_PROBLEM TO WORK ON_
Where a line in the entries below contains the word "order", count it. Return the total alone.

____

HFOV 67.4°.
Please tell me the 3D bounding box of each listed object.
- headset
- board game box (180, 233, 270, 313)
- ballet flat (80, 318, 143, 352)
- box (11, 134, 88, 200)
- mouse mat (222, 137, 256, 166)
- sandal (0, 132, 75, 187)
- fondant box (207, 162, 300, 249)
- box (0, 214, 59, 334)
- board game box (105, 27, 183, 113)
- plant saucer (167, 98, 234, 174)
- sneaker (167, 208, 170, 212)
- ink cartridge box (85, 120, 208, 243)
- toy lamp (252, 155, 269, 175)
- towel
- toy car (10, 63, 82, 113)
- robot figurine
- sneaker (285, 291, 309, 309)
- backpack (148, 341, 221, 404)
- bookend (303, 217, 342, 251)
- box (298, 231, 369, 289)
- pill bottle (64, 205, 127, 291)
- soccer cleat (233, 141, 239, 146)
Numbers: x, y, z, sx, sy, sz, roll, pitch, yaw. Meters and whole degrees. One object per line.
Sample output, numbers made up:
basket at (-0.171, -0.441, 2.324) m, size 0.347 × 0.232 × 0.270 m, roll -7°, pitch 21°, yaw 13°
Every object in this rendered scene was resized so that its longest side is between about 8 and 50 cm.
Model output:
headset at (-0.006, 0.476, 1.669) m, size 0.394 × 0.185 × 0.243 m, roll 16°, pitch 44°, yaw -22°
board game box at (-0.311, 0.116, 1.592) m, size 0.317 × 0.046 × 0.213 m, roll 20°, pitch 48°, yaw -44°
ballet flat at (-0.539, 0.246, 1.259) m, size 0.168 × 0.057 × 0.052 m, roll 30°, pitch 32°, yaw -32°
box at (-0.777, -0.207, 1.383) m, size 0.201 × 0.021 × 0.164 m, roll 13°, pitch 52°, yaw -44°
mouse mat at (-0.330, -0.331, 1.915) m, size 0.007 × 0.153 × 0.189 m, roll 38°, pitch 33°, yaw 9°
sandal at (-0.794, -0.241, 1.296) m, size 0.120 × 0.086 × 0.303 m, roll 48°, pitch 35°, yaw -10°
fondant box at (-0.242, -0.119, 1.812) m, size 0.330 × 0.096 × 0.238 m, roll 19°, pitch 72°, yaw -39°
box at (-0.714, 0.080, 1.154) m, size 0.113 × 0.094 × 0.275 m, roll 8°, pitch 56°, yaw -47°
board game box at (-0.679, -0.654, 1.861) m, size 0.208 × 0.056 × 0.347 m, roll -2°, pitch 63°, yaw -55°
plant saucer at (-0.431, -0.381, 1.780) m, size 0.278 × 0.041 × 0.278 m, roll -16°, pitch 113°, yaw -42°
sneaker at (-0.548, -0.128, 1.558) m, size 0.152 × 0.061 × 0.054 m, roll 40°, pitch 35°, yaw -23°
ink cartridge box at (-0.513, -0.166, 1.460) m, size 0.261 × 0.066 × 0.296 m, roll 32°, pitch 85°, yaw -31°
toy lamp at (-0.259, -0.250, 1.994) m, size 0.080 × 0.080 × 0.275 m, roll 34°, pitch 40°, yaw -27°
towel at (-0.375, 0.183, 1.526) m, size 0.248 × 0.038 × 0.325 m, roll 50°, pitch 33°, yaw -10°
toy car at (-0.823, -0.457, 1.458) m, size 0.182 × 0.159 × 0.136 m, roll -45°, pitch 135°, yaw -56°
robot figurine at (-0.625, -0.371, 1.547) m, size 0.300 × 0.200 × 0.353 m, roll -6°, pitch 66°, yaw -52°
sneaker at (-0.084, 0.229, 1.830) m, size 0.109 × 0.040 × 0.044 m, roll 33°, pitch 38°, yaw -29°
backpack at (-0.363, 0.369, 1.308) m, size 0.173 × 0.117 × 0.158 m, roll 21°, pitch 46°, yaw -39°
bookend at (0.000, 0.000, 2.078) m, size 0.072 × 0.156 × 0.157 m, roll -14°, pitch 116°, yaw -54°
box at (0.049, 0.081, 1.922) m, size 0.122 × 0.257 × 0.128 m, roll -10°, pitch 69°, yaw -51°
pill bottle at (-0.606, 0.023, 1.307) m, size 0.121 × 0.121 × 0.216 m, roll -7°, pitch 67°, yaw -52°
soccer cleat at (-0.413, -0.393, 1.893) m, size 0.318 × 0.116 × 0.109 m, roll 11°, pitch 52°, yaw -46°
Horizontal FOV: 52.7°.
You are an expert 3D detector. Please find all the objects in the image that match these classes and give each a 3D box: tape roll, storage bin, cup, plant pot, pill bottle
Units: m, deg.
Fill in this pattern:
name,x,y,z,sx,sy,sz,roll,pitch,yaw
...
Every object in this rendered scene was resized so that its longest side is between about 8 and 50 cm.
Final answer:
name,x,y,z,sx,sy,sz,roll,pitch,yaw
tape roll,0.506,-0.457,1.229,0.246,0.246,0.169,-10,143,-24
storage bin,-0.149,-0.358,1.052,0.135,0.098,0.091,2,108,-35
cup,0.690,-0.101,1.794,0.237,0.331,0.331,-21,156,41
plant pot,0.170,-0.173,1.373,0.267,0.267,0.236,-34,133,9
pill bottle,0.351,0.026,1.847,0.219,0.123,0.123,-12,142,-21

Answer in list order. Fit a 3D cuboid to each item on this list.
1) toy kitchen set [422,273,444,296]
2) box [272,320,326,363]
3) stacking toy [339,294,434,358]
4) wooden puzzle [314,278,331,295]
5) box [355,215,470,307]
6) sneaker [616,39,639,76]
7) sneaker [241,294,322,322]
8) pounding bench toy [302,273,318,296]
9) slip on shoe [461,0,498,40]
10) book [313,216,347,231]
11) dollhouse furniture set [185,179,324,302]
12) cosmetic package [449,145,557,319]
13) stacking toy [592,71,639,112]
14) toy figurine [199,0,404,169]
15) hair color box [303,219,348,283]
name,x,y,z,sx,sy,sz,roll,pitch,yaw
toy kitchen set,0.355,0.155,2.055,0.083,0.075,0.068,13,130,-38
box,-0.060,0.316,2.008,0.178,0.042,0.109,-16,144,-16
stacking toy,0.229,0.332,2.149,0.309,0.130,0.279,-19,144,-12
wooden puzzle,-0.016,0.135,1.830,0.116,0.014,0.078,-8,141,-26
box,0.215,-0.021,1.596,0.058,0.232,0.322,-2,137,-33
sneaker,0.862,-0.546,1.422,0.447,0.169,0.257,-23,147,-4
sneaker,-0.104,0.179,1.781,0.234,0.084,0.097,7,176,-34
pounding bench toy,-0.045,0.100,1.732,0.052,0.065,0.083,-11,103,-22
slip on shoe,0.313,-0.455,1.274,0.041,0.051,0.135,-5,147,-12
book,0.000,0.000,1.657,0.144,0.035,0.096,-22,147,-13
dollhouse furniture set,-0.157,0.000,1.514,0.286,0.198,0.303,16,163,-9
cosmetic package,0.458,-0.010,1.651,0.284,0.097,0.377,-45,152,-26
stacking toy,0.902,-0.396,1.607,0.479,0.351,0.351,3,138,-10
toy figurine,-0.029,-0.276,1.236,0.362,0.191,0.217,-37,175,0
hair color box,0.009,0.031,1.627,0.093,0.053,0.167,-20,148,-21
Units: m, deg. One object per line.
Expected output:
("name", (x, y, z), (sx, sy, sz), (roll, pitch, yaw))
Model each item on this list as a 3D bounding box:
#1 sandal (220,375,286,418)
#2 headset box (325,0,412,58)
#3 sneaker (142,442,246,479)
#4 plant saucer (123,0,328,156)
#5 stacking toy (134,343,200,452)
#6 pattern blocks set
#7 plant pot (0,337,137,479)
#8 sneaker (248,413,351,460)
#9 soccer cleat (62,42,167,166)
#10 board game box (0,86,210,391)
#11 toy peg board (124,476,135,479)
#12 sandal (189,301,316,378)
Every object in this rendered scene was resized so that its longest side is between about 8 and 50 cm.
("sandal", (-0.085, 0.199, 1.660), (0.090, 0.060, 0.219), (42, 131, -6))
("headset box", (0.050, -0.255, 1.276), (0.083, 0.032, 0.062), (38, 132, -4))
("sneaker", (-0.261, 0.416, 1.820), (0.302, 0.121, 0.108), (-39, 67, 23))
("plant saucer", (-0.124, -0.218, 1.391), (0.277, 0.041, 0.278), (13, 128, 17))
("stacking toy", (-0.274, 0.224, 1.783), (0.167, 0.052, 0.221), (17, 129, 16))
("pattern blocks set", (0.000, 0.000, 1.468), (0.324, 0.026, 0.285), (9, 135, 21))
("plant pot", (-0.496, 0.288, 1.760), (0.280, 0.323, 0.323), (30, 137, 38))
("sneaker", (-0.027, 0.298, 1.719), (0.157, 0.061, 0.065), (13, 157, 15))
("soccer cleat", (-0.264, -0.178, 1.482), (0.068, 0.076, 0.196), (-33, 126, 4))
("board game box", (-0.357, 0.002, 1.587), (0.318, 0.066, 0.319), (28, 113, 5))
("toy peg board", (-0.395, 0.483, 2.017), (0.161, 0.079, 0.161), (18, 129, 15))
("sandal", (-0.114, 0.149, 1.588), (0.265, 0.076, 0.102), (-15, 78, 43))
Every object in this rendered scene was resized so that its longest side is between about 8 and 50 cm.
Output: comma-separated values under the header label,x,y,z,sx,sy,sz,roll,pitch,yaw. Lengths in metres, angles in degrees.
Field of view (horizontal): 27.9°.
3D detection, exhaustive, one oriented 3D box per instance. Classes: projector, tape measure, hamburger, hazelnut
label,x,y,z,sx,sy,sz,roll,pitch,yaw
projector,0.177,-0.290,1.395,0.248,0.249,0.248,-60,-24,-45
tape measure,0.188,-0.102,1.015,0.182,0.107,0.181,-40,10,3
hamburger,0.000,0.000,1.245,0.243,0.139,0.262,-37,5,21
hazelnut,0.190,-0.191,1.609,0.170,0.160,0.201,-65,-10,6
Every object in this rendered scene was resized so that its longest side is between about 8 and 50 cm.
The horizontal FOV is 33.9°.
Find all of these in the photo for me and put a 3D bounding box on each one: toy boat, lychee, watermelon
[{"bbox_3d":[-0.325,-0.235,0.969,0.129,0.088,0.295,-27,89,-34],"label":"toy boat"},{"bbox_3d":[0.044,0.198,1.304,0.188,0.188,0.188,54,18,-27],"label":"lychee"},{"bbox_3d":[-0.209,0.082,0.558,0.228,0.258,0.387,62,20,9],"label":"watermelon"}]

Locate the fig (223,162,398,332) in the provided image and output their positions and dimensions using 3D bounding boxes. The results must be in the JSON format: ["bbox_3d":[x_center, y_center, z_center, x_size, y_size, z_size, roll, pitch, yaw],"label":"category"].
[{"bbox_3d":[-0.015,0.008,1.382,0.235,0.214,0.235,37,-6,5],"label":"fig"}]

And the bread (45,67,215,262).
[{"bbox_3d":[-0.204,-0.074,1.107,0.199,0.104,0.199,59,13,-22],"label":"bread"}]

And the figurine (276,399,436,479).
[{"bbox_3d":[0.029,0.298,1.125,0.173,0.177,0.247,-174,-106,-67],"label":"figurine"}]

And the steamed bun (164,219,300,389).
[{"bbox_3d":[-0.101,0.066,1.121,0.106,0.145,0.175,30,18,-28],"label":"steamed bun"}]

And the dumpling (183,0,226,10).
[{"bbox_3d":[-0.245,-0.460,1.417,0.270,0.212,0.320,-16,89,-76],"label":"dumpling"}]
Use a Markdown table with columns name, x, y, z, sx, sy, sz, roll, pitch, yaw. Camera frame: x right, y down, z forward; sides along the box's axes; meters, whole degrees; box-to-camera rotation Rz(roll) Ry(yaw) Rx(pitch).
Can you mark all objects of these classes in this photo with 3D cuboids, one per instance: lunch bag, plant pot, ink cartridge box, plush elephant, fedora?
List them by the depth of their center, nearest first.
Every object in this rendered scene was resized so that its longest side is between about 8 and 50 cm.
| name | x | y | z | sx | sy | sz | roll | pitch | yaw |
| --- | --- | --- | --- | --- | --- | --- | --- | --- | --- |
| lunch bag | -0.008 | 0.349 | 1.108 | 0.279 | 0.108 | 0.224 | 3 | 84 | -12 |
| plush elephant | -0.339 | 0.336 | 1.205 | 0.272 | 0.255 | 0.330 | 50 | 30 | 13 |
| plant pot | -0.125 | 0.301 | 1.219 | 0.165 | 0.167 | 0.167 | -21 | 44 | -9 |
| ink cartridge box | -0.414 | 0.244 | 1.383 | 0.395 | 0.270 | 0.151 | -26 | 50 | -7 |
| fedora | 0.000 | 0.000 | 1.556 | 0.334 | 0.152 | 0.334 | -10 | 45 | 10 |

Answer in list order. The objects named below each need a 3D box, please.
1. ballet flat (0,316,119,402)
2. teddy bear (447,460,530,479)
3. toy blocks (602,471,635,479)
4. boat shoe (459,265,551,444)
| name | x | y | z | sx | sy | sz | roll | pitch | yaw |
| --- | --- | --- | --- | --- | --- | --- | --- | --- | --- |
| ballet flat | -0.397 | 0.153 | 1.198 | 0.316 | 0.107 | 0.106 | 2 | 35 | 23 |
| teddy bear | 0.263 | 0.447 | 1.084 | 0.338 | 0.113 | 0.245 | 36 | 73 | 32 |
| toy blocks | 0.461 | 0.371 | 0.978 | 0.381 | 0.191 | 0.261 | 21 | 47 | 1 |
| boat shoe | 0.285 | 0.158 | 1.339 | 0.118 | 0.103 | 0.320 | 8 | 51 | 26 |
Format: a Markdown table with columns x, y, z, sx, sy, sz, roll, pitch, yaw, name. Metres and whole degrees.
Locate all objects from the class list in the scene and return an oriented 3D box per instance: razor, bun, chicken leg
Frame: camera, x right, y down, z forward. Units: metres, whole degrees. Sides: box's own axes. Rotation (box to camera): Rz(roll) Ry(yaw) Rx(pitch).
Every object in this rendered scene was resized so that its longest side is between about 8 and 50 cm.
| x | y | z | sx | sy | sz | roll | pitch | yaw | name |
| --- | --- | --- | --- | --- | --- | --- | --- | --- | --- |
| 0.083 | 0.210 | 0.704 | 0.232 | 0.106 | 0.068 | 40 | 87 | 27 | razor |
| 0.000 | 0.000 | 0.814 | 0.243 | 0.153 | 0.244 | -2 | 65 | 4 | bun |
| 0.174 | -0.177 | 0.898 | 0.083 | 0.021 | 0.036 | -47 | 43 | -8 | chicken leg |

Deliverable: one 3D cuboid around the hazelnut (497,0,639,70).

____

_REPLY_
2